Tensorflow使用slim工具(vgg16模型)实现图像分类与分割

接触tensorflow小白,网上教程很多,图像分类应该属于比较经典的一个例子啦,特别是google推了slim,但是网上的教程遗漏啦许多细节介绍会导致跑不出来,经过调试终于跑出来啦

结果还算可以,分享一下

我的环境,cuda8.0+cudnn5.1+python2.7

关于tensorflow,cuda+cudnn等安装推荐教程:

http://blog.csdn.net/xierhacker/article/details/53035989

整体思路就是通过训练好的vgg_16模型进行图像分类,

原图:




step01输出结果:

Probability 1.00 => [lion, king of beasts, Panthera leo]
5 things
Probability 0.00 => [collie]
5 things
Probability 0.00 => [ox]
5 things
Probability 0.00 => [baboon]
5 things
Probability 0.00 => [chow, chow chow]

很显然分类的比较正确

Step02图像分割显示效果:




工具:tensorflow slim opencv numpy 

Step01:下载vgg模型,

import sys
import os

os.environ["CUDA_VISIBLE_DEVICES"] = '0'
sys.path.append("/home/yc/models/slim")
from datasets import dataset_utils
import tensorflow as tf

url = "http://download.tensorflow.org/models/vgg_16_2016_08_28.tar.gz"

# 指定保存路径
checkpoints_dir = '/home/yc/models/checkpoints'

if not tf.gfile.Exists(checkpoints_dir):
    tf.gfile.MakeDirs(checkpoints_dir)

dataset_utils.download_and_uncompress_tarball(url, checkpoints_dir)

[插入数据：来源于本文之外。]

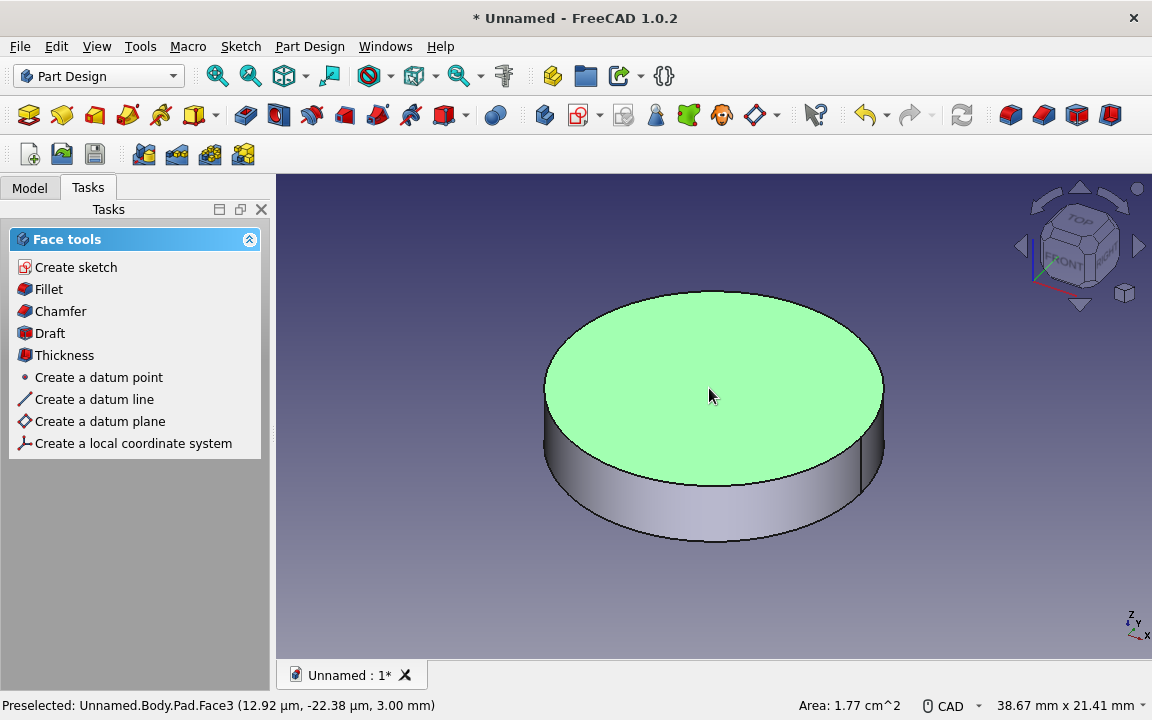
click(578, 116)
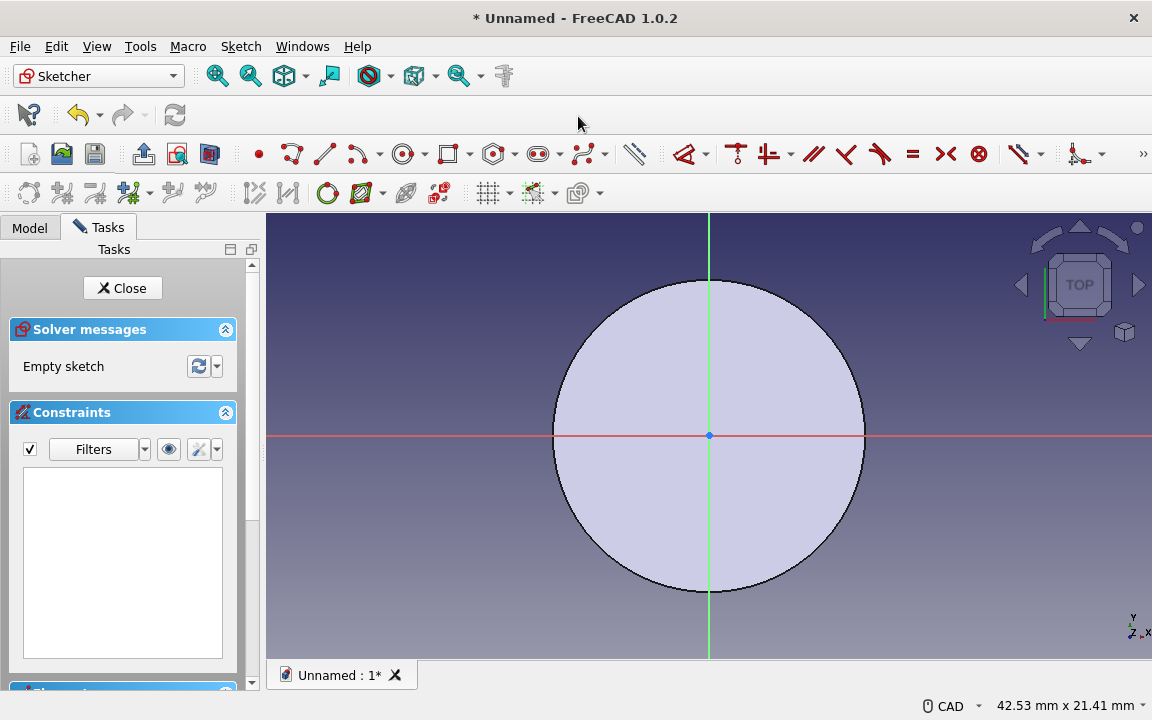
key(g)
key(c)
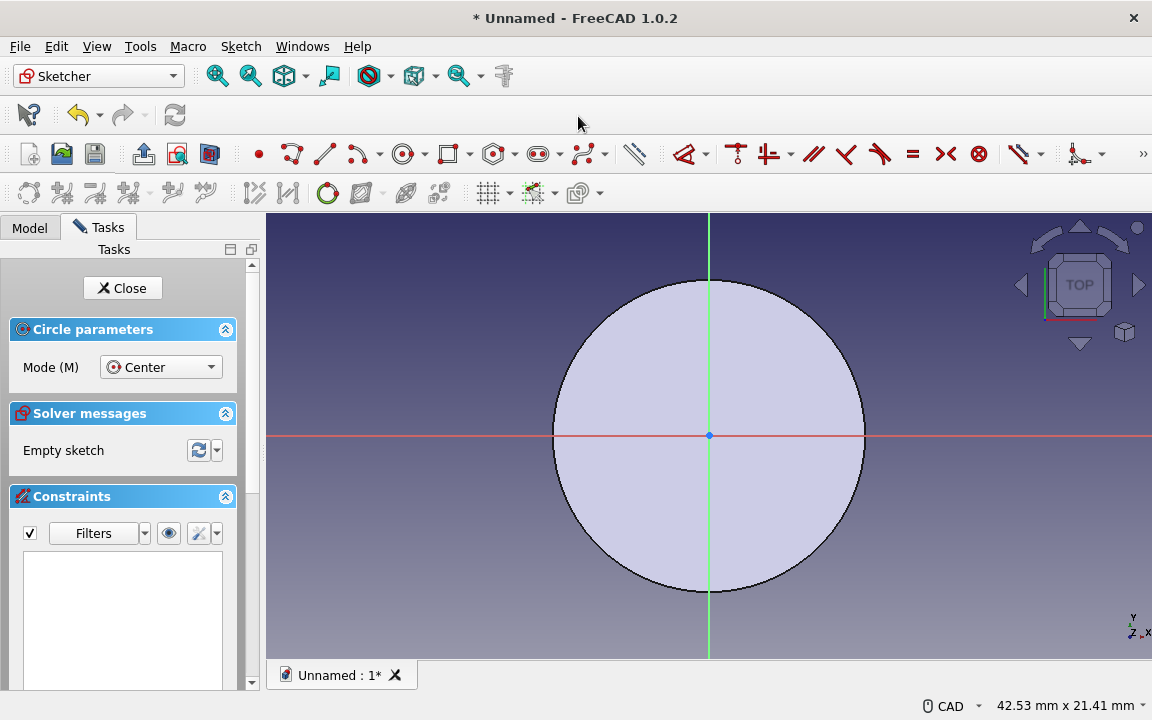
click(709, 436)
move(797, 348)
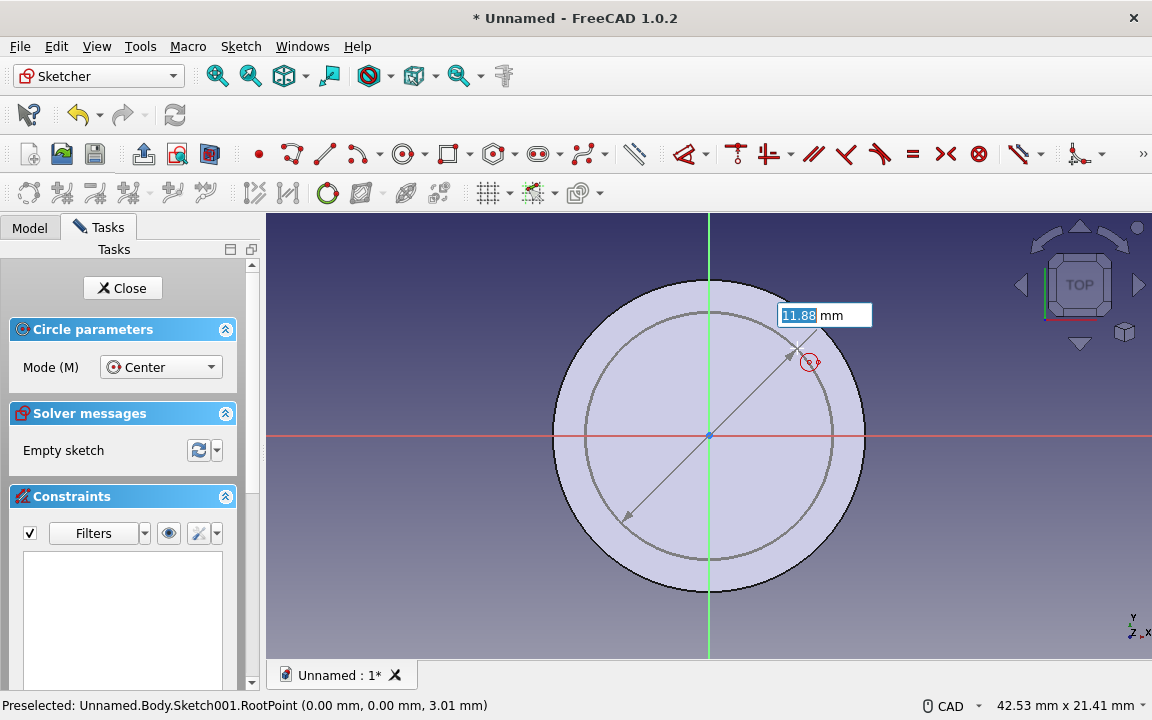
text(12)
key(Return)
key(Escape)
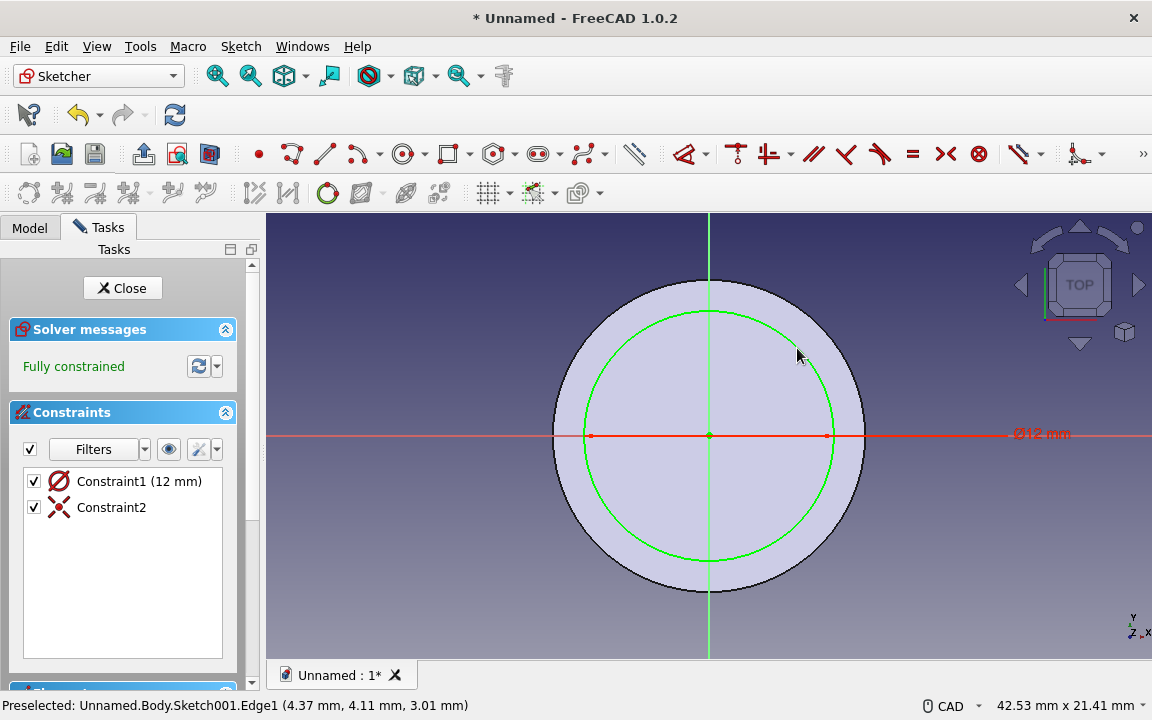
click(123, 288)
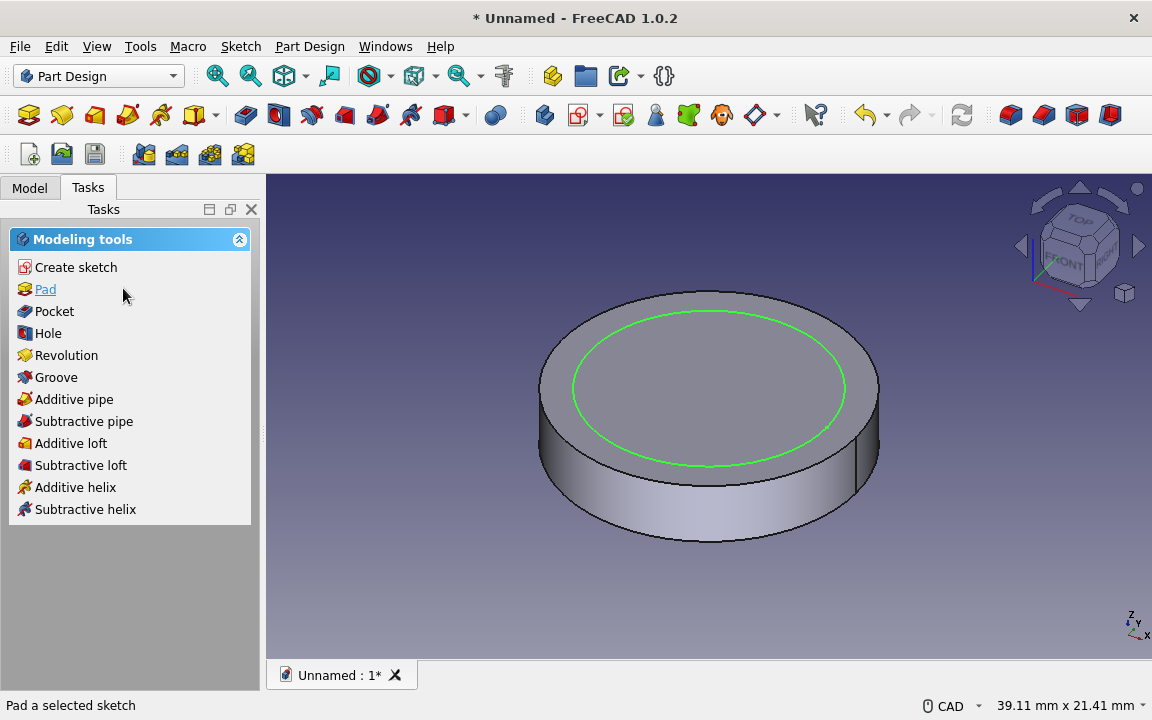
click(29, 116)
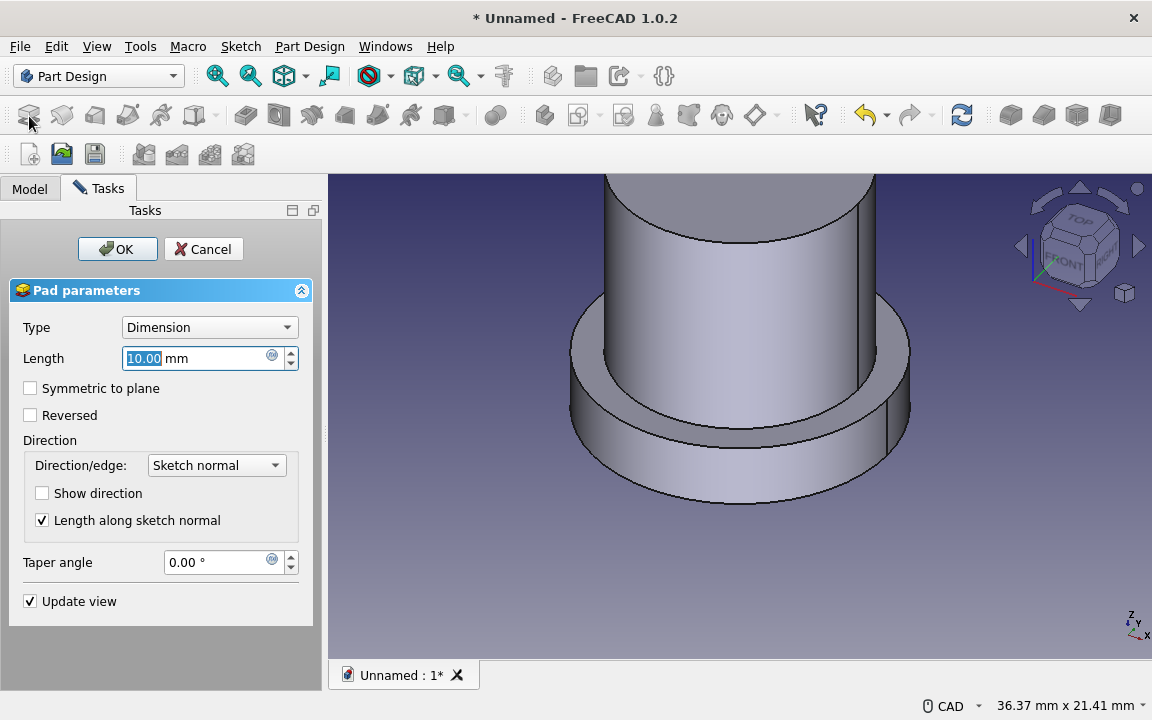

Step02:图像分类 from datasets等属于下载models/slim下的文件夹,可能代码不提示,没有关系,

import sys
import os

os.environ["CUDA_VISIBLE_DEVICES"] = '0'
sys.path.append("/home/yc/models/slim")
from matplotlib import pyplot as plt
import numpy as np
import cv2 
import tensorflow as tf
from datasets import imagenet
from nets import vgg
from preprocessing import vgg_preprocessing
checkpoints_dir = '/home/yc/models/checkpoints'
slim=tf.contrib.slim
image_size=vgg.vgg_16.default_image_size
with tf.Graph().as_default():
 
    # Open specified url and load image as a string
    
    # Decode string into matrix with intensity values
    image = cv2.imread("/home/yc/1214/tiger.jpg")
    
    image=cv2.cvtColor(image, 4)
    plt.imshow(image)
    plt.suptitle("The tiger",
                    fontsize=14, fontweight='bold')
    
    plt.axis('off')
    plt.show()    
    # Resize the input image, preserving the aspect ratio
    # and make a central crop of the resulted image.
    # The crop will be of the size of the default image size of
    # the network.
    processed_image = vgg_preprocessing.preprocess_image(image,
                                                         image_size,
                                                         image_size,
                                                         is_training=False)
    
    
    # Networks accept images in batches.
    # The first dimension usually represents the batch size.
    # In our case the batch size is one.
    processed_images  = tf.expand_dims(processed_image, 0)
    
    # Create the model, use the default arg scope to configure
    # the batch norm parameters. arg_scope is a very conveniet
    # feature of slim library -- you can define default
    # parameters for layers -- like stride, padding etc.
    with slim.arg_scope(vgg.vgg_arg_scope()):
        logits, _ = vgg.vgg_16(processed_images,
                               num_classes=1000,
                               is_training=False)
    
    # In order to get probabilities we apply softmax on the output.
    probabilities = tf.nn.softmax(logits)
    
    # Create a function that reads the network weights
    # from the checkpoint file that you downloaded.
    # We will run it in session later.
    init_fn = slim.assign_from_checkpoint_fn(
        os.path.join(checkpoints_dir, 'vgg_16.ckpt'),
        slim.get_model_variables('vgg_16'))
  
    with tf.Session() as sess:
        
        # Load weights
        init_fn(sess)
        
        # We want to get predictions, image as numpy matrix
        # and resized and cropped piece that is actually
        # being fed to the network.
        network_input, probabilities = sess.run([processed_image,probabilities])
        probabilities = probabilities[0, 0:]
        sorted_inds = [i[0] for i in sorted(enumerate(-probabilities),
                                            key=lambda x:x[1])]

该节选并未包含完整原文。